We ran around the fort and entered through a tunnel en route to the finish. Thankfully, the gals who ran this race last year warned me that the finish line was still a bit away once you run through and enter the actual fort itself. So I kicked it into high gear and SPRINTED towards that finish line, finishing that last mile in 8:20.
Here are my official stats:
So I finished my first 10 mile race with a sub-9:00/M pace, and an automatic PR But honestly, it gave me the confidence boost I so dearly needed as we near the Boston’s Run to Remember Half Marathon over Memorial Day weekend. My performance proved that a sub-2:00 half marathon is definitely in the realm of real possibility.

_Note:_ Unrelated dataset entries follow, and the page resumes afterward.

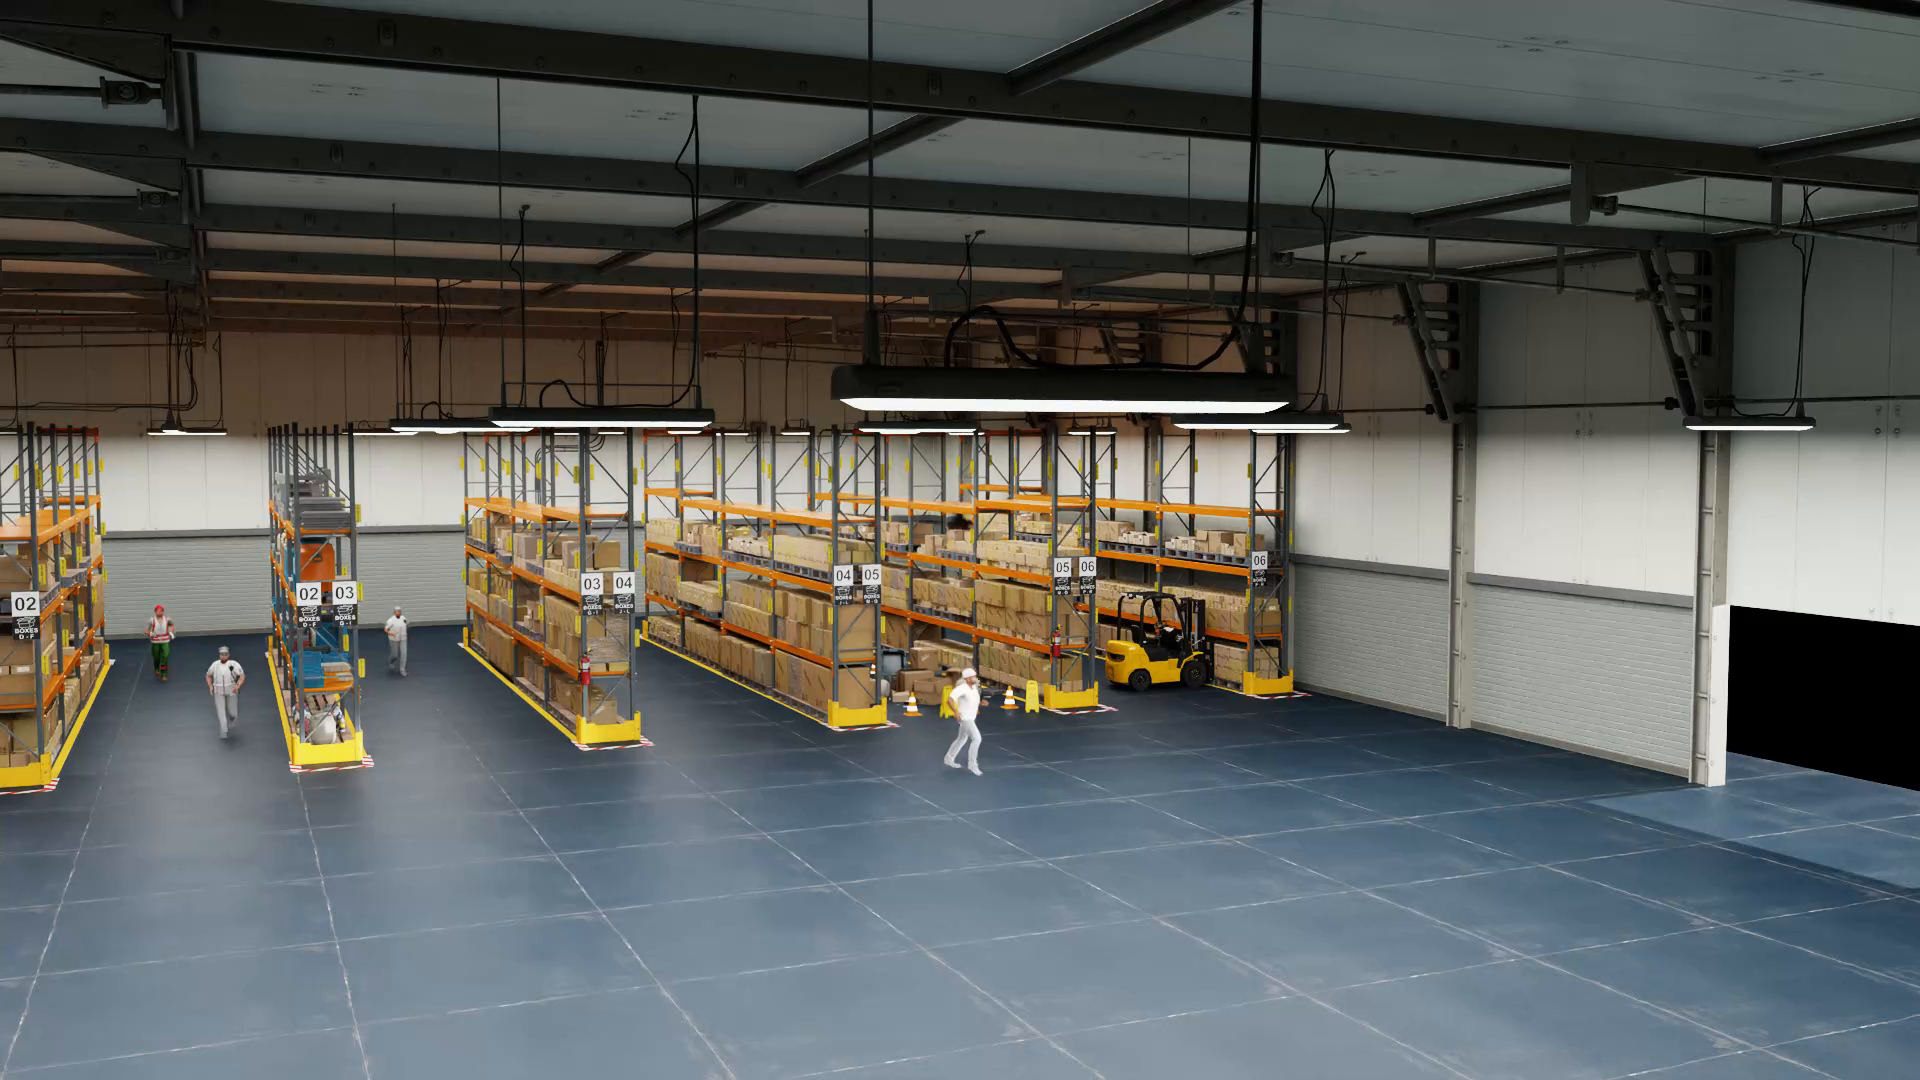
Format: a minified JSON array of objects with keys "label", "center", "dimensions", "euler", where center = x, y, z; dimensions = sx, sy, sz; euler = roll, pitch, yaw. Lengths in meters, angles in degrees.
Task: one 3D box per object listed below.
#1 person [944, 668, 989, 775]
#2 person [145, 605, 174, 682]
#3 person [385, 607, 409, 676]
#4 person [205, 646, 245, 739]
[{"label":"person","center":[0.097,3.098,28.500],"dimensions":[0.785,1.821,0.686],"euler":[1,4,14]},{"label":"person","center":[-18.823,2.420,39.146],"dimensions":[0.654,1.776,0.985],"euler":[-2,4,-31]},{"label":"person","center":[-13.665,2.446,40.392],"dimensions":[0.606,1.668,0.856],"euler":[-3,4,-37]},{"label":"person","center":[-14.092,2.895,31.897],"dimensions":[0.699,1.738,0.792],"euler":[-1,4,-19]}]
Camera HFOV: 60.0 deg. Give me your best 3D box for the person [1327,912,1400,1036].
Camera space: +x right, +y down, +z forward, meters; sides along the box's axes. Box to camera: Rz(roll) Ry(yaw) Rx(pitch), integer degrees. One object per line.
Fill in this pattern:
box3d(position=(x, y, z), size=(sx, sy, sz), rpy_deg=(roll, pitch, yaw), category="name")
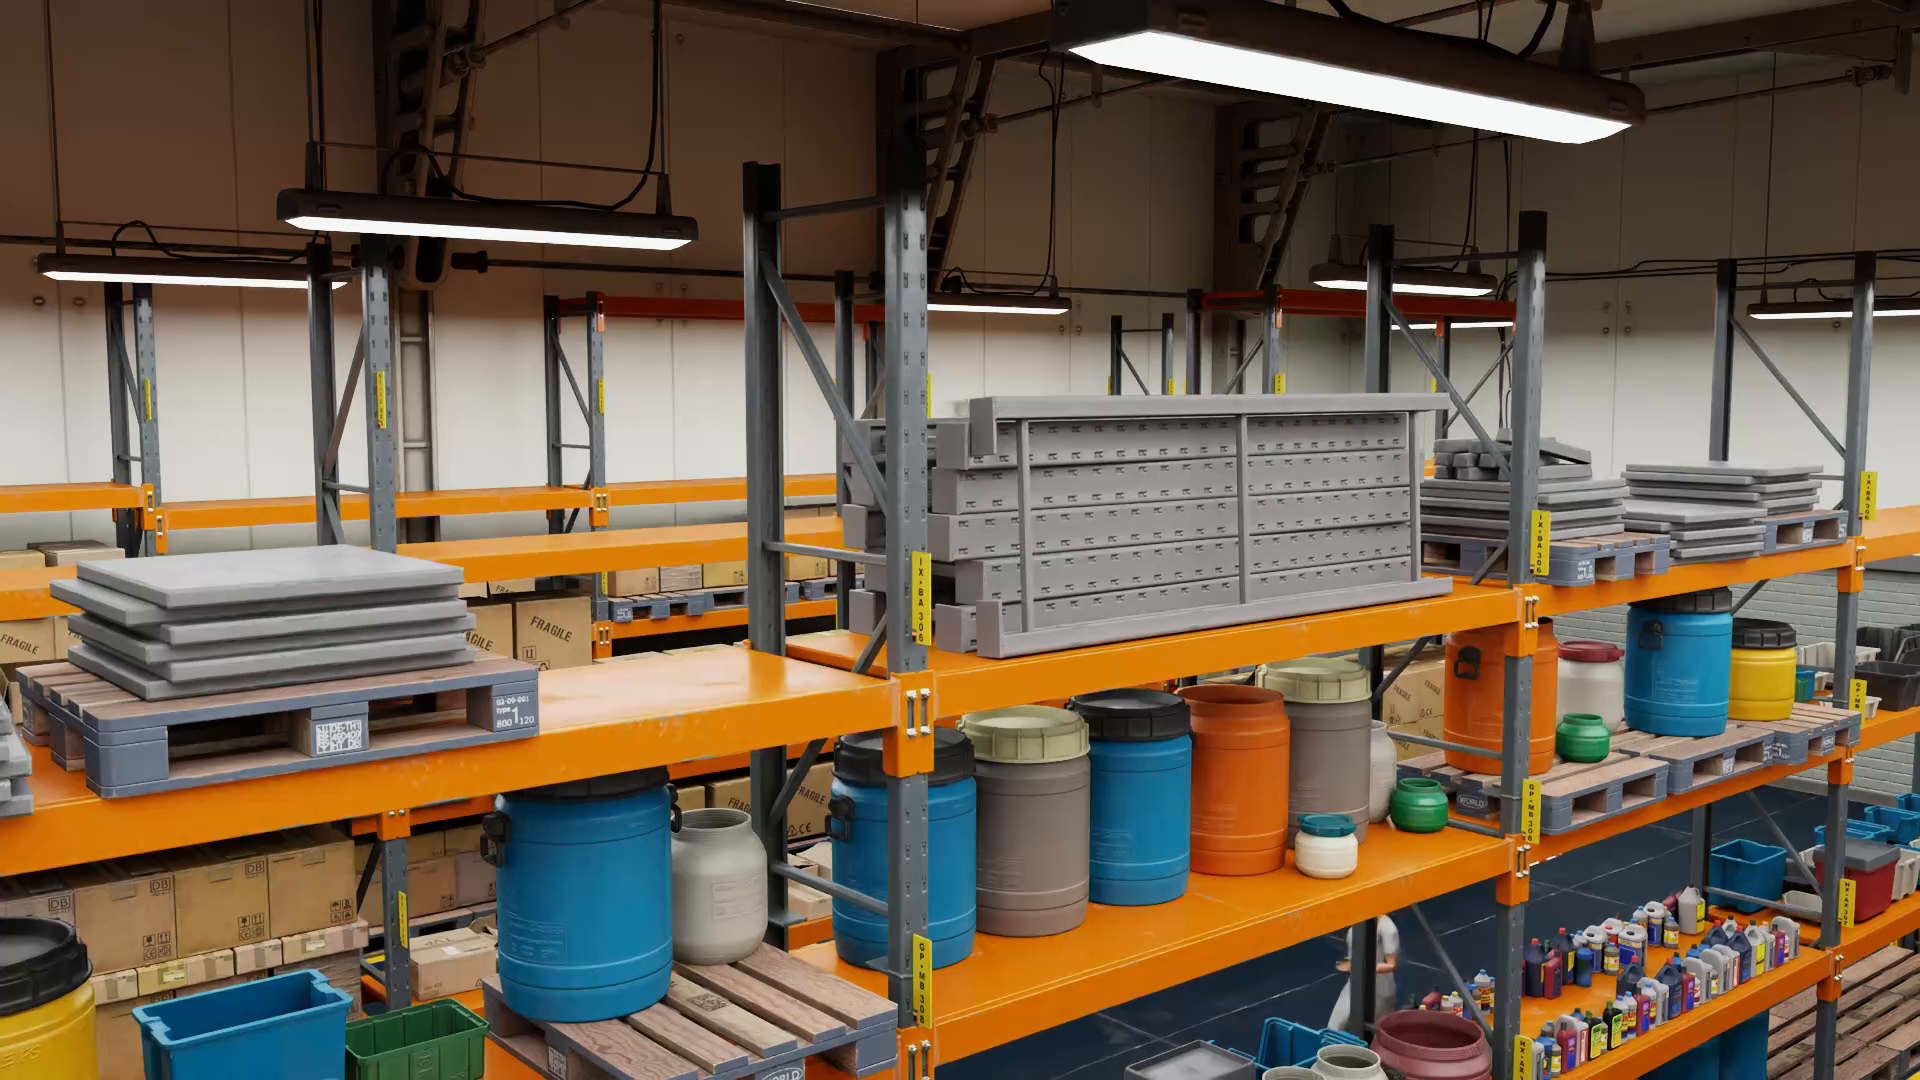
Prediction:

After the race, we grabbed some snacks (all 4 of us were done by 1:34, which is awesome!) and headed to the Harpoon-sponsored beer tent!
And I bumped into Nicole!
My biggest takeaway from this race is that I think I finally found a way to tackle hills. It’s not a secret that I dislike hills, but I approached them differently at this race, and tried to focus on using the strength in those glutes and my hamstrings, along with a significantly lower kick, to power me up and over them.
And it totally worked. I am beyond thrilled that I while I slowed slightly, I did not lose any major time (like I normally would) on any of the hills during this race!
For my runner friends in New England, definitely consider adding the Newport 10 Miler to your spring schedule! The race was well organized. There were real restrooms and a beer garden. And the views.
Seriously, just do it for the views.
Okay, time to go celebrate that birthday of mine …
Did anyone else race this weekend? Are you a hill-lover, or hill-hater?